Finalmente si la intervención comunitaria se distingue por ser un proceso de


cambio planificado, abierto a diferentes colectivos, así como a múltiples temas y
problemas, resulta obvio que puede orientarse en función de diversas
modalidades y tipologías de la intervención social, es decir, en acción directa,
acción social colectiva, acción social institucionalizada, centrada en personas, en
pequeños grupos, en organizaciones, etc.; con formas y contenidos que, según
Rueda (1988) y Sánchez Vidal (1989), pueden agruparse en:
a) Intervenciones sociales que se apoyan en la estructura, por ejemplo, el
desarrollo comunitario, la rehabilitación de barrios o la organización de la
comunidad.

b) Intervenciones sociales basadas en entidades e instituciones de la comunidad,


fundamentalmente en tres direcciones: escenarios de convivencia, desarrollo
institucional y complementación institucional.

c) Intervenciones sociales basadas en las capacidades de relación de los


miembros de la comunidad; en este caso, las posibilidades más conocidas son la
potenciación de capacidades comunitarias, la formación y la educación, y los
servicios y prestaciones necesarios y/o demandados.

En general, son modelos de intervención desde los que se posibilitan objetivos y


funciones que pueden orientarse globalmente hacia campos de acción variados;
como la prestación de servicios humanos o personales, desarrollo de recursos
humanos, prevención de problemas sociales; reconstrucción social comunitaria,
modificación y cambio de los sistemas sociales existentes (Sánchez Vidal, 1989).

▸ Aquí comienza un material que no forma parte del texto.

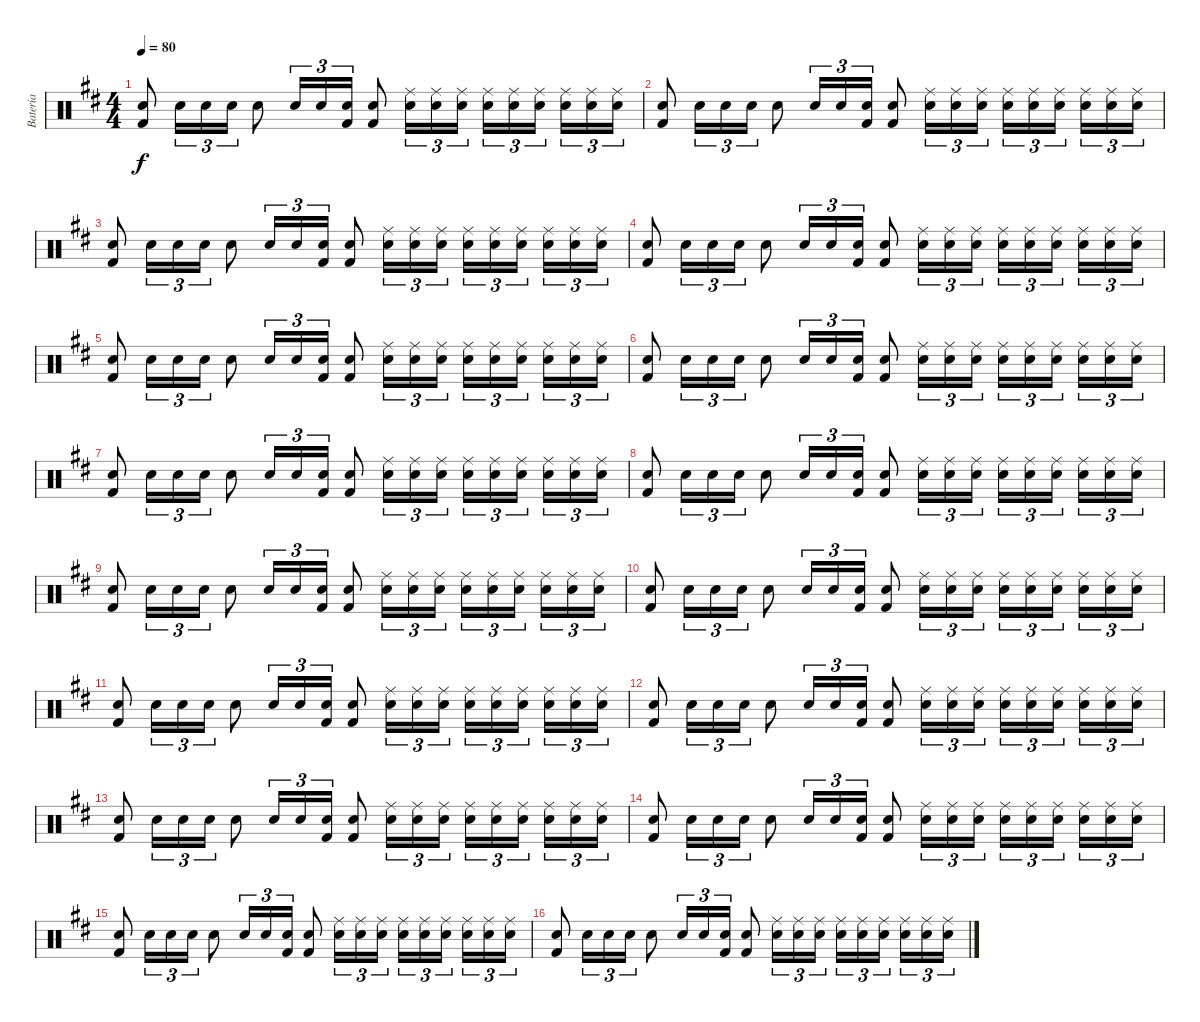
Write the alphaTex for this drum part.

\track ("Bateria" "Bateria") {instrument percussion}
\staff {score}
\articulation defaults
\ts (4 4)
\tempo 80
\clef neutral
\ks d
("Kick (hit) 2" "Electric Snare (hit)").8{dy f} "Electric Snare (hit)".16{tu (3 2)} "Electric Snare (hit)".16{tu (3 2)} "Electric Snare (hit)".16{tu (3 2)} "Electric Snare (hit)".8 "Electric Snare (hit)".16{tu (3 2)} "Electric Snare (hit)".16{tu (3 2)} ("Kick (hit) 2" "Electric Snare (hit)").16{tu (3 2)} ("Kick (hit) 2" "Electric Snare (hit)").8 ("Ride (middle)" "Electric Snare (hit)").16{tu (3 2)} ("Ride (middle)" "Electric Snare (hit)").16{tu (3 2)} ("Ride (middle)" "Electric Snare (hit)").16{tu (3 2)} ("Ride (middle)" "Electric Snare (hit)").16{tu (3 2)} ("Ride (middle)" "Electric Snare (hit)").16{tu (3 2)} ("Ride (middle)" "Electric Snare (hit)").16{tu (3 2) beam splitsecondary} ("Ride (middle)" "Electric Snare (hit)").16{tu (3 2)} ("Ride (middle)" "Electric Snare (hit)").16{tu (3 2)} ("Ride (middle)" "Electric Snare (hit)").16{tu (3 2)} |
("Kick (hit) 2" "Electric Snare (hit)").8 "Electric Snare (hit)".16{tu (3 2)} "Electric Snare (hit)".16{tu (3 2)} "Electric Snare (hit)".16{tu (3 2)} "Electric Snare (hit)".8 "Electric Snare (hit)".16{tu (3 2)} "Electric Snare (hit)".16{tu (3 2)} ("Kick (hit) 2" "Electric Snare (hit)").16{tu (3 2)} ("Kick (hit) 2" "Electric Snare (hit)").8 ("Ride (middle)" "Electric Snare (hit)").16{tu (3 2)} ("Ride (middle)" "Electric Snare (hit)").16{tu (3 2)} ("Ride (middle)" "Electric Snare (hit)").16{tu (3 2)} ("Ride (middle)" "Electric Snare (hit)").16{tu (3 2)} ("Ride (middle)" "Electric Snare (hit)").16{tu (3 2)} ("Ride (middle)" "Electric Snare (hit)").16{tu (3 2) beam splitsecondary} ("Ride (middle)" "Electric Snare (hit)").16{tu (3 2)} ("Ride (middle)" "Electric Snare (hit)").16{tu (3 2)} ("Ride (middle)" "Electric Snare (hit)").16{tu (3 2)} |
("Kick (hit) 2" "Electric Snare (hit)").8 "Electric Snare (hit)".16{tu (3 2)} "Electric Snare (hit)".16{tu (3 2)} "Electric Snare (hit)".16{tu (3 2)} "Electric Snare (hit)".8 "Electric Snare (hit)".16{tu (3 2)} "Electric Snare (hit)".16{tu (3 2)} ("Kick (hit) 2" "Electric Snare (hit)").16{tu (3 2)} ("Kick (hit) 2" "Electric Snare (hit)").8 ("Ride (middle)" "Electric Snare (hit)").16{tu (3 2)} ("Ride (middle)" "Electric Snare (hit)").16{tu (3 2)} ("Ride (middle)" "Electric Snare (hit)").16{tu (3 2)} ("Ride (middle)" "Electric Snare (hit)").16{tu (3 2)} ("Ride (middle)" "Electric Snare (hit)").16{tu (3 2)} ("Ride (middle)" "Electric Snare (hit)").16{tu (3 2) beam splitsecondary} ("Ride (middle)" "Electric Snare (hit)").16{tu (3 2)} ("Ride (middle)" "Electric Snare (hit)").16{tu (3 2)} ("Ride (middle)" "Electric Snare (hit)").16{tu (3 2)} |
("Kick (hit) 2" "Electric Snare (hit)").8 "Electric Snare (hit)".16{tu (3 2)} "Electric Snare (hit)".16{tu (3 2)} "Electric Snare (hit)".16{tu (3 2)} "Electric Snare (hit)".8 "Electric Snare (hit)".16{tu (3 2)} "Electric Snare (hit)".16{tu (3 2)} ("Kick (hit) 2" "Electric Snare (hit)").16{tu (3 2)} ("Kick (hit) 2" "Electric Snare (hit)").8 ("Ride (middle)" "Electric Snare (hit)").16{tu (3 2)} ("Ride (middle)" "Electric Snare (hit)").16{tu (3 2)} ("Ride (middle)" "Electric Snare (hit)").16{tu (3 2)} ("Ride (middle)" "Electric Snare (hit)").16{tu (3 2)} ("Ride (middle)" "Electric Snare (hit)").16{tu (3 2)} ("Ride (middle)" "Electric Snare (hit)").16{tu (3 2) beam splitsecondary} ("Ride (middle)" "Electric Snare (hit)").16{tu (3 2)} ("Ride (middle)" "Electric Snare (hit)").16{tu (3 2)} ("Ride (middle)" "Electric Snare (hit)").16{tu (3 2)} |
("Kick (hit) 2" "Electric Snare (hit)").8 "Electric Snare (hit)".16{tu (3 2)} "Electric Snare (hit)".16{tu (3 2)} "Electric Snare (hit)".16{tu (3 2)} "Electric Snare (hit)".8 "Electric Snare (hit)".16{tu (3 2)} "Electric Snare (hit)".16{tu (3 2)} ("Kick (hit) 2" "Electric Snare (hit)").16{tu (3 2)} ("Kick (hit) 2" "Electric Snare (hit)").8 ("Ride (middle)" "Electric Snare (hit)").16{tu (3 2)} ("Ride (middle)" "Electric Snare (hit)").16{tu (3 2)} ("Ride (middle)" "Electric Snare (hit)").16{tu (3 2)} ("Ride (middle)" "Electric Snare (hit)").16{tu (3 2)} ("Ride (middle)" "Electric Snare (hit)").16{tu (3 2)} ("Ride (middle)" "Electric Snare (hit)").16{tu (3 2) beam splitsecondary} ("Ride (middle)" "Electric Snare (hit)").16{tu (3 2)} ("Ride (middle)" "Electric Snare (hit)").16{tu (3 2)} ("Ride (middle)" "Electric Snare (hit)").16{tu (3 2)} |
("Kick (hit) 2" "Electric Snare (hit)").8 "Electric Snare (hit)".16{tu (3 2)} "Electric Snare (hit)".16{tu (3 2)} "Electric Snare (hit)".16{tu (3 2)} "Electric Snare (hit)".8 "Electric Snare (hit)".16{tu (3 2)} "Electric Snare (hit)".16{tu (3 2)} ("Kick (hit) 2" "Electric Snare (hit)").16{tu (3 2)} ("Kick (hit) 2" "Electric Snare (hit)").8 ("Ride (middle)" "Electric Snare (hit)").16{tu (3 2)} ("Ride (middle)" "Electric Snare (hit)").16{tu (3 2)} ("Ride (middle)" "Electric Snare (hit)").16{tu (3 2)} ("Ride (middle)" "Electric Snare (hit)").16{tu (3 2)} ("Ride (middle)" "Electric Snare (hit)").16{tu (3 2)} ("Ride (middle)" "Electric Snare (hit)").16{tu (3 2) beam splitsecondary} ("Ride (middle)" "Electric Snare (hit)").16{tu (3 2)} ("Ride (middle)" "Electric Snare (hit)").16{tu (3 2)} ("Ride (middle)" "Electric Snare (hit)").16{tu (3 2)} |
("Kick (hit) 2" "Electric Snare (hit)").8 "Electric Snare (hit)".16{tu (3 2)} "Electric Snare (hit)".16{tu (3 2)} "Electric Snare (hit)".16{tu (3 2)} "Electric Snare (hit)".8 "Electric Snare (hit)".16{tu (3 2)} "Electric Snare (hit)".16{tu (3 2)} ("Kick (hit) 2" "Electric Snare (hit)").16{tu (3 2)} ("Kick (hit) 2" "Electric Snare (hit)").8 ("Ride (middle)" "Electric Snare (hit)").16{tu (3 2)} ("Ride (middle)" "Electric Snare (hit)").16{tu (3 2)} ("Ride (middle)" "Electric Snare (hit)").16{tu (3 2)} ("Ride (middle)" "Electric Snare (hit)").16{tu (3 2)} ("Ride (middle)" "Electric Snare (hit)").16{tu (3 2)} ("Ride (middle)" "Electric Snare (hit)").16{tu (3 2) beam splitsecondary} ("Ride (middle)" "Electric Snare (hit)").16{tu (3 2)} ("Ride (middle)" "Electric Snare (hit)").16{tu (3 2)} ("Ride (middle)" "Electric Snare (hit)").16{tu (3 2)} |
("Kick (hit) 2" "Electric Snare (hit)").8 "Electric Snare (hit)".16{tu (3 2)} "Electric Snare (hit)".16{tu (3 2)} "Electric Snare (hit)".16{tu (3 2)} "Electric Snare (hit)".8 "Electric Snare (hit)".16{tu (3 2)} "Electric Snare (hit)".16{tu (3 2)} ("Kick (hit) 2" "Electric Snare (hit)").16{tu (3 2)} ("Kick (hit) 2" "Electric Snare (hit)").8 ("Ride (middle)" "Electric Snare (hit)").16{tu (3 2)} ("Ride (middle)" "Electric Snare (hit)").16{tu (3 2)} ("Ride (middle)" "Electric Snare (hit)").16{tu (3 2)} ("Ride (middle)" "Electric Snare (hit)").16{tu (3 2)} ("Ride (middle)" "Electric Snare (hit)").16{tu (3 2)} ("Ride (middle)" "Electric Snare (hit)").16{tu (3 2) beam splitsecondary} ("Ride (middle)" "Electric Snare (hit)").16{tu (3 2)} ("Ride (middle)" "Electric Snare (hit)").16{tu (3 2)} ("Ride (middle)" "Electric Snare (hit)").16{tu (3 2)} |
("Kick (hit) 2" "Electric Snare (hit)").8 "Electric Snare (hit)".16{tu (3 2)} "Electric Snare (hit)".16{tu (3 2)} "Electric Snare (hit)".16{tu (3 2)} "Electric Snare (hit)".8 "Electric Snare (hit)".16{tu (3 2)} "Electric Snare (hit)".16{tu (3 2)} ("Kick (hit) 2" "Electric Snare (hit)").16{tu (3 2)} ("Kick (hit) 2" "Electric Snare (hit)").8 ("Ride (middle)" "Electric Snare (hit)").16{tu (3 2)} ("Ride (middle)" "Electric Snare (hit)").16{tu (3 2)} ("Ride (middle)" "Electric Snare (hit)").16{tu (3 2)} ("Ride (middle)" "Electric Snare (hit)").16{tu (3 2)} ("Ride (middle)" "Electric Snare (hit)").16{tu (3 2)} ("Ride (middle)" "Electric Snare (hit)").16{tu (3 2) beam splitsecondary} ("Ride (middle)" "Electric Snare (hit)").16{tu (3 2)} ("Ride (middle)" "Electric Snare (hit)").16{tu (3 2)} ("Ride (middle)" "Electric Snare (hit)").16{tu (3 2)} |
("Kick (hit) 2" "Electric Snare (hit)").8 "Electric Snare (hit)".16{tu (3 2)} "Electric Snare (hit)".16{tu (3 2)} "Electric Snare (hit)".16{tu (3 2)} "Electric Snare (hit)".8 "Electric Snare (hit)".16{tu (3 2)} "Electric Snare (hit)".16{tu (3 2)} ("Kick (hit) 2" "Electric Snare (hit)").16{tu (3 2)} ("Kick (hit) 2" "Electric Snare (hit)").8 ("Ride (middle)" "Electric Snare (hit)").16{tu (3 2)} ("Ride (middle)" "Electric Snare (hit)").16{tu (3 2)} ("Ride (middle)" "Electric Snare (hit)").16{tu (3 2)} ("Ride (middle)" "Electric Snare (hit)").16{tu (3 2)} ("Ride (middle)" "Electric Snare (hit)").16{tu (3 2)} ("Ride (middle)" "Electric Snare (hit)").16{tu (3 2) beam splitsecondary} ("Ride (middle)" "Electric Snare (hit)").16{tu (3 2)} ("Ride (middle)" "Electric Snare (hit)").16{tu (3 2)} ("Ride (middle)" "Electric Snare (hit)").16{tu (3 2)} |
("Kick (hit) 2" "Electric Snare (hit)").8 "Electric Snare (hit)".16{tu (3 2)} "Electric Snare (hit)".16{tu (3 2)} "Electric Snare (hit)".16{tu (3 2)} "Electric Snare (hit)".8 "Electric Snare (hit)".16{tu (3 2)} "Electric Snare (hit)".16{tu (3 2)} ("Kick (hit) 2" "Electric Snare (hit)").16{tu (3 2)} ("Kick (hit) 2" "Electric Snare (hit)").8 ("Ride (middle)" "Electric Snare (hit)").16{tu (3 2)} ("Ride (middle)" "Electric Snare (hit)").16{tu (3 2)} ("Ride (middle)" "Electric Snare (hit)").16{tu (3 2)} ("Ride (middle)" "Electric Snare (hit)").16{tu (3 2)} ("Ride (middle)" "Electric Snare (hit)").16{tu (3 2)} ("Ride (middle)" "Electric Snare (hit)").16{tu (3 2) beam splitsecondary} ("Ride (middle)" "Electric Snare (hit)").16{tu (3 2)} ("Ride (middle)" "Electric Snare (hit)").16{tu (3 2)} ("Ride (middle)" "Electric Snare (hit)").16{tu (3 2)} |
("Kick (hit) 2" "Electric Snare (hit)").8 "Electric Snare (hit)".16{tu (3 2)} "Electric Snare (hit)".16{tu (3 2)} "Electric Snare (hit)".16{tu (3 2)} "Electric Snare (hit)".8 "Electric Snare (hit)".16{tu (3 2)} "Electric Snare (hit)".16{tu (3 2)} ("Kick (hit) 2" "Electric Snare (hit)").16{tu (3 2)} ("Kick (hit) 2" "Electric Snare (hit)").8 ("Ride (middle)" "Electric Snare (hit)").16{tu (3 2)} ("Ride (middle)" "Electric Snare (hit)").16{tu (3 2)} ("Ride (middle)" "Electric Snare (hit)").16{tu (3 2)} ("Ride (middle)" "Electric Snare (hit)").16{tu (3 2)} ("Ride (middle)" "Electric Snare (hit)").16{tu (3 2)} ("Ride (middle)" "Electric Snare (hit)").16{tu (3 2) beam splitsecondary} ("Ride (middle)" "Electric Snare (hit)").16{tu (3 2)} ("Ride (middle)" "Electric Snare (hit)").16{tu (3 2)} ("Ride (middle)" "Electric Snare (hit)").16{tu (3 2)} |
("Kick (hit) 2" "Electric Snare (hit)").8 "Electric Snare (hit)".16{tu (3 2)} "Electric Snare (hit)".16{tu (3 2)} "Electric Snare (hit)".16{tu (3 2)} "Electric Snare (hit)".8 "Electric Snare (hit)".16{tu (3 2)} "Electric Snare (hit)".16{tu (3 2)} ("Kick (hit) 2" "Electric Snare (hit)").16{tu (3 2)} ("Kick (hit) 2" "Electric Snare (hit)").8 ("Ride (middle)" "Electric Snare (hit)").16{tu (3 2)} ("Ride (middle)" "Electric Snare (hit)").16{tu (3 2)} ("Ride (middle)" "Electric Snare (hit)").16{tu (3 2)} ("Ride (middle)" "Electric Snare (hit)").16{tu (3 2)} ("Ride (middle)" "Electric Snare (hit)").16{tu (3 2)} ("Ride (middle)" "Electric Snare (hit)").16{tu (3 2) beam splitsecondary} ("Ride (middle)" "Electric Snare (hit)").16{tu (3 2)} ("Ride (middle)" "Electric Snare (hit)").16{tu (3 2)} ("Ride (middle)" "Electric Snare (hit)").16{tu (3 2)} |
("Kick (hit) 2" "Electric Snare (hit)").8 "Electric Snare (hit)".16{tu (3 2)} "Electric Snare (hit)".16{tu (3 2)} "Electric Snare (hit)".16{tu (3 2)} "Electric Snare (hit)".8 "Electric Snare (hit)".16{tu (3 2)} "Electric Snare (hit)".16{tu (3 2)} ("Kick (hit) 2" "Electric Snare (hit)").16{tu (3 2)} ("Kick (hit) 2" "Electric Snare (hit)").8 ("Ride (middle)" "Electric Snare (hit)").16{tu (3 2)} ("Ride (middle)" "Electric Snare (hit)").16{tu (3 2)} ("Ride (middle)" "Electric Snare (hit)").16{tu (3 2)} ("Ride (middle)" "Electric Snare (hit)").16{tu (3 2)} ("Ride (middle)" "Electric Snare (hit)").16{tu (3 2)} ("Ride (middle)" "Electric Snare (hit)").16{tu (3 2) beam splitsecondary} ("Ride (middle)" "Electric Snare (hit)").16{tu (3 2)} ("Ride (middle)" "Electric Snare (hit)").16{tu (3 2)} ("Ride (middle)" "Electric Snare (hit)").16{tu (3 2)} |
("Kick (hit) 2" "Electric Snare (hit)").8 "Electric Snare (hit)".16{tu (3 2)} "Electric Snare (hit)".16{tu (3 2)} "Electric Snare (hit)".16{tu (3 2)} "Electric Snare (hit)".8 "Electric Snare (hit)".16{tu (3 2)} "Electric Snare (hit)".16{tu (3 2)} ("Kick (hit) 2" "Electric Snare (hit)").16{tu (3 2)} ("Kick (hit) 2" "Electric Snare (hit)").8 ("Ride (middle)" "Electric Snare (hit)").16{tu (3 2)} ("Ride (middle)" "Electric Snare (hit)").16{tu (3 2)} ("Ride (middle)" "Electric Snare (hit)").16{tu (3 2)} ("Ride (middle)" "Electric Snare (hit)").16{tu (3 2)} ("Ride (middle)" "Electric Snare (hit)").16{tu (3 2)} ("Ride (middle)" "Electric Snare (hit)").16{tu (3 2) beam splitsecondary} ("Ride (middle)" "Electric Snare (hit)").16{tu (3 2)} ("Ride (middle)" "Electric Snare (hit)").16{tu (3 2)} ("Ride (middle)" "Electric Snare (hit)").16{tu (3 2)} |
("Kick (hit) 2" "Electric Snare (hit)").8 "Electric Snare (hit)".16{tu (3 2)} "Electric Snare (hit)".16{tu (3 2)} "Electric Snare (hit)".16{tu (3 2)} "Electric Snare (hit)".8 "Electric Snare (hit)".16{tu (3 2)} "Electric Snare (hit)".16{tu (3 2)} ("Kick (hit) 2" "Electric Snare (hit)").16{tu (3 2)} ("Kick (hit) 2" "Electric Snare (hit)").8 ("Ride (middle)" "Electric Snare (hit)").16{tu (3 2)} ("Ride (middle)" "Electric Snare (hit)").16{tu (3 2)} ("Ride (middle)" "Electric Snare (hit)").16{tu (3 2)} ("Ride (middle)" "Electric Snare (hit)").16{tu (3 2)} ("Ride (middle)" "Electric Snare (hit)").16{tu (3 2)} ("Ride (middle)" "Electric Snare (hit)").16{tu (3 2) beam splitsecondary} ("Ride (middle)" "Electric Snare (hit)").16{tu (3 2)} ("Ride (middle)" "Electric Snare (hit)").16{tu (3 2)} ("Ride (middle)" "Electric Snare (hit)").16{tu (3 2)}

Para atender a metas relacionadas con estos objetivos y campos de acción será
imprescindible conceder un mayor protagonismo a la educación, en particular
desde criterios pedagógico-sociales que valoren en cada persona, y, por
extensión, en cada comunidad, el sentido dialéctico que corresponde a su doble
condición de sujeto y objeto de los procesos de cambio social, como expresión de
una sociedad que educa y se educa desde el presente, con criterios de una
formación integral que no puede inhibirse ante la prospectiva de un mundo que se
globaliza, y para el cual, más que nunca, el desafío consiste en acertar con los
límites imaginarios, no sólo geográficos, que las comunidades han de borrar o
trazar para educarse y aprender a ser.